Spark and shark Environment building

Source: Internet
Author: User

Transferred from: http://in.sdo.com/?p=325


Spark/shark Small Test

recently in the test cluster try to build up spark and shark and experience it.

Spark is a highly efficient distributed computing system that, compared to Hadoop, is 100 times times more powerful than Hadoop claims. Spark provides a higher-level API than Hadoop, and the same algorithm is often implemented in spark with only 1/10 or 1/100 of the length of Hadoop. Shark, like "SQL on Spark", is an implementation of a data warehouse on spark that can perform up to 100 times times more than hive in the case of hive compatibility. Spark

Download Spark

$ wget https://github.com/downloads/mesos/spark/spark-0.6.0-prebuilt.tar.gz
$ tar xvfz spark-0.6.0-prebuilt*. Tgz

Edit Spark-0.6.0/conf/slaves, add each slave node's hostname, one per line.

Edit spark-0.6.0/conf/spark-env.sh, set Scala_home and Spark_worker_memory

Export scala_home=/home/hdfs/guojian/scala-2.9.2 export
java_home=/home/hdfs/java-current
export Spark_ worker_memory=8g
export spark_master_ip=10.133.103.11
export spark_master_port=7077

Spark_worker_memory is the maximum memory available for each node in spark.
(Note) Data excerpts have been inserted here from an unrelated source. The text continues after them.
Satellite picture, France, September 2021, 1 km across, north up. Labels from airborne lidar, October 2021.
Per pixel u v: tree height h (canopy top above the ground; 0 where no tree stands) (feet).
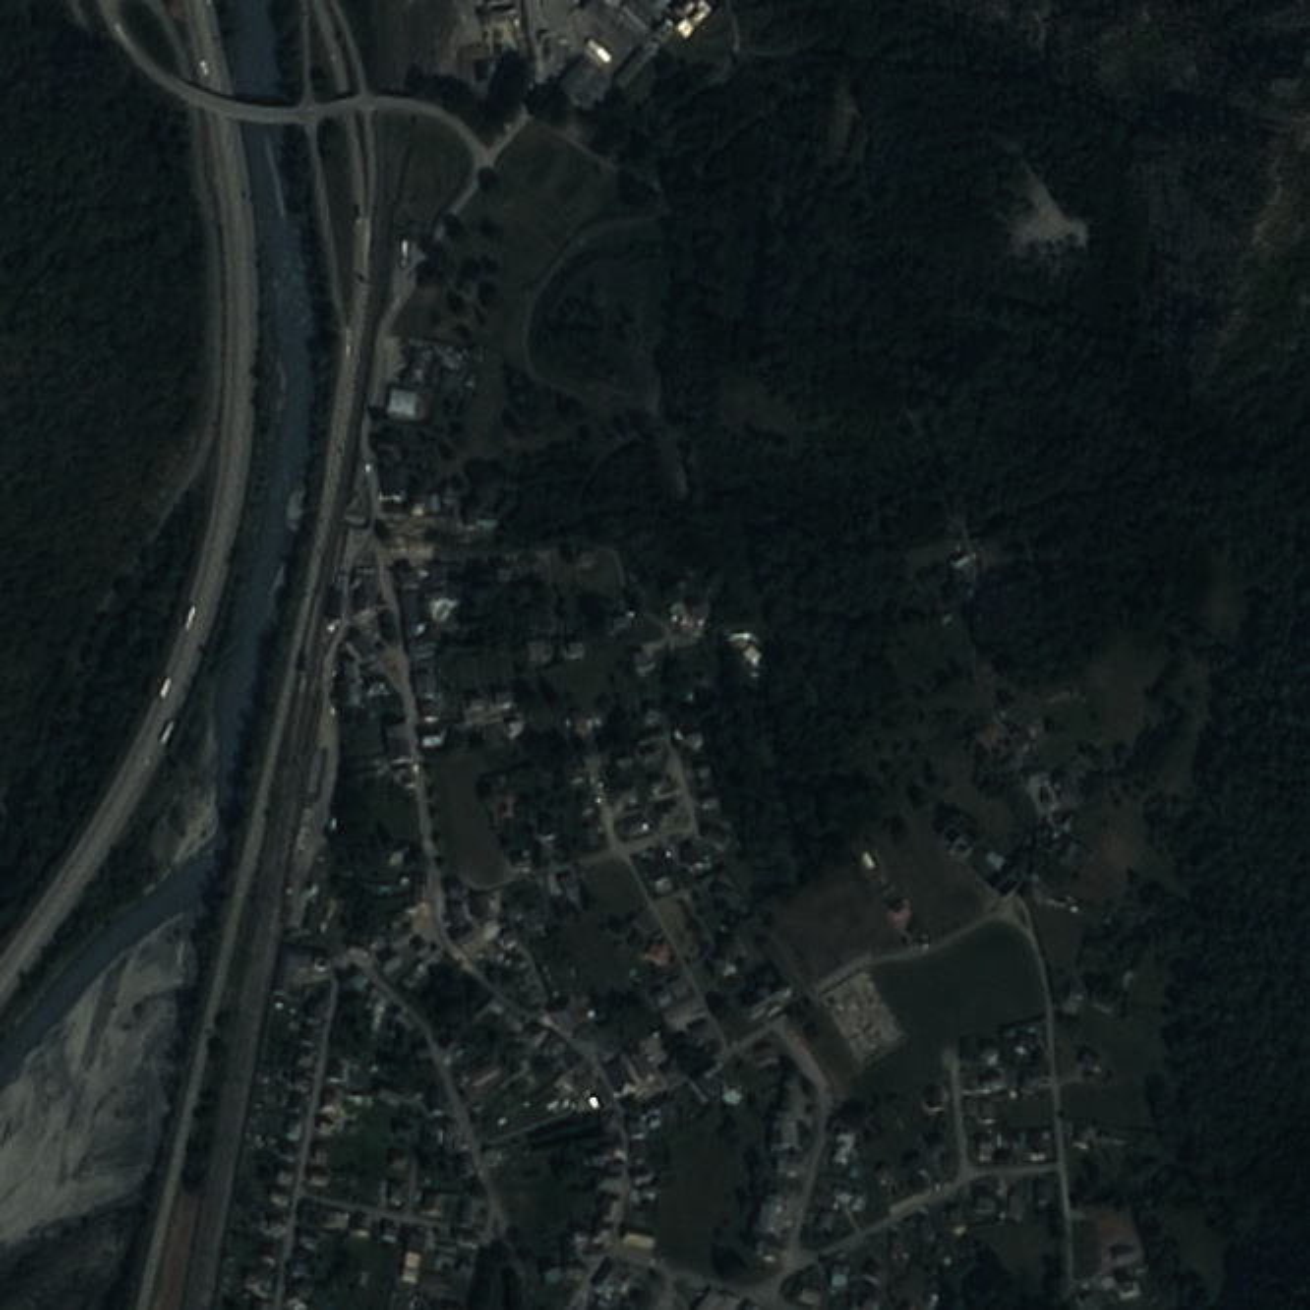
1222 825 69
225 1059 34
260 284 27
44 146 55
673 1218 0
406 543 0
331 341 44
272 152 0
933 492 40
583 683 0
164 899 0
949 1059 0
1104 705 0
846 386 61
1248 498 96
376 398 0
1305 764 63
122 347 96
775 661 49
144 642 28
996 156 38
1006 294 49
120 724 44
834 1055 0
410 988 29
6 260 80
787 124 48
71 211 67
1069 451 52
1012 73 23
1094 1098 0
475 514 41
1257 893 67
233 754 0
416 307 0
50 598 65
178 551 49
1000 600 72
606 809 0
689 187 70
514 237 0
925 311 50
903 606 77
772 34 22
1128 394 49
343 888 22
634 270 0
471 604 33
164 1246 0
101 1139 0
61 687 96
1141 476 75
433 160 0
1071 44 49
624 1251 0
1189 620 24
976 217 44
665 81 29
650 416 0
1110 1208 32
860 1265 0
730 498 24
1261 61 70
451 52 0
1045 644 67
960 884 0
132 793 0
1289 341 33
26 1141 0
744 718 77
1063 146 64
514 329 0
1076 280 49
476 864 0
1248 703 83
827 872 91
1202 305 20
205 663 40
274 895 0
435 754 46
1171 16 32
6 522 80
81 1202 0
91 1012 0
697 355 48
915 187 48
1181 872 35
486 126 50
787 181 33
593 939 0
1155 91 72
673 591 40
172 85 0
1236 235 40
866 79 46
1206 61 25
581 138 0
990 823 0
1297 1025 62
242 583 23
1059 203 46
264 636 0
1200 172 35
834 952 0
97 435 66
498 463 0
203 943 47
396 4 0
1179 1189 30
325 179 0
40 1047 0
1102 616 95
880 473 22
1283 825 64
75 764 47
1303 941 63
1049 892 0
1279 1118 54
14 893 55
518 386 52
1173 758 66
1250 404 59
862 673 66
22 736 44
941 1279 19
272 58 0
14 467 38
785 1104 28
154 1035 0
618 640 31
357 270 0
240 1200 26
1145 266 24
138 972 0
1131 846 0
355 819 71
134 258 92
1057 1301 44
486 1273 43
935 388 64
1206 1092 59
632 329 54
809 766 84
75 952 47
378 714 0
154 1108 0
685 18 0
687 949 0
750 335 25
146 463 67
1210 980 64
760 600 56
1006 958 0
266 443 22
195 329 42
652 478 34
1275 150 33
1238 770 67
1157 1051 0
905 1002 0
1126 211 58
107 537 51
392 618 33
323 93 33
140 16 0
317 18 0
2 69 77
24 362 39
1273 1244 34
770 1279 0
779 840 33
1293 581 86
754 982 29
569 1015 0
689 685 33
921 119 51
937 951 0
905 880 0
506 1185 0
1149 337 61
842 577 60
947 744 0
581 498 27
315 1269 22
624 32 0
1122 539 75
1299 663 72
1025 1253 0
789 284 81
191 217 45
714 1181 0
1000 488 66
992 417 71
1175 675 21
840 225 27
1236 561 83
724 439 29
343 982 45
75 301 73
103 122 65
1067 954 0

The larger the value is set, the more data will be cache into memory.

In addition, Spark needs an HDFS cluster in addition to the above Scala, Java.

If Scala is not installed on your system, you can download it in the following ways:

$ wget http://www.scala-lang.org/downloads/distrib/files/scala-2.9.2.tgz 
$ tar xvfz scala-2.9.2.tgz

Go to the Spark-0.6.0/bin directory and execute the start-all.sh script to start the Spark cluster.

After booting, you can view the status of Spark via http://10.133.103.11:8080/, as shown below:

Shark

$ wget https://github.com/downloads/amplab/shark/shark-0.2.1-bin.tgz
$ tar xvfz shark-0.2.1-bin.tgz

Edit shark-0.2.1/conf/shark-env.sh, set Hive_home, Scala_home and master, etc.:

Export Hadoop_home=/home/hdfs/hadoop-current export
hive_home=/home/hdfs/guojian/hive-0.9.0-bin
Export master=spark://10.133.103.11:7077
export spark_home=/home/hdfs/guojian/spark-0.6.0
export scala_home=/ home/hdfs/guojian/scala-2.9.2
export spark_mem=5g

source $SPARK _home/conf/spark-env.sh

It is worth noting that the value of SPARK_MEM cannot be greater than the value of the previous spark_worker_memory.

Replicate the spark and shark targets to each slave node. You can use the following methods:

$ while read slave_host; 
Do $ rsync-pav spark-0.6.0 shark-0.2.1 $slave _host 
$ done </path/to/spark/conf/slaves

Now it's time to start shark.

$./bin/shark-withinfo

You can use SQL to test whether shark is available.

CREATE TABLE src (key INT, value STRING); 
LOAD DATA LOCAL inpath ' ${env:hive_home}/examples/files/kv1.txt ' into TABLE src; 
SELECT COUNT (1) from SRC; 
CREATE TABLE src_cached as SELECT * from SRC; 
SELECT COUNT (1) from src_cached;

The test results are as follows:

In simple contrast, in Mr, one of the simplest count operations takes at least 20-30 seconds, using Spark/shark, which takes only 1 seconds. Because the Spark/shark is more memory operation, it greatly reduces the IO overhead and increases the computational efficiency. Of course, different calculation operations, efficiency improvements are not the same, the subsequent time for different computing operations to do further testing.

Reference: Http://www.csdn.net/article/2013-04-26/2815057-Spark-Reynold Spark Project home: http://spark-project.org/ Shark Project Home: Https://github.com/amplab/shark/wiki Resources Download: https://github.com/amplab/shark/downloads

Contact Us

The content source of this page is from Internet, which doesn't represent Alibaba Cloud's opinion; products and services mentioned on that page don't have any relationship with Alibaba Cloud. If the content of the page makes you feel confusing, please write us an email, we will handle the problem within 5 days after receiving your email.

If you find any instances of plagiarism from the community, please send an email to: info-contact@alibabacloud.com and provide relevant evidence. A staff member will contact you within 5 working days.

A Free Trial That Lets You Build Big!

Start building with 50+ products and up to 12 months usage for Elastic Compute Service

  • Sales Support

    1 on 1 presale consultation

  • After-Sales Support

    24/7 Technical Support 6 Free Tickets per Quarter Faster Response

  • Alibaba Cloud offers highly flexible support services tailored to meet your exact needs.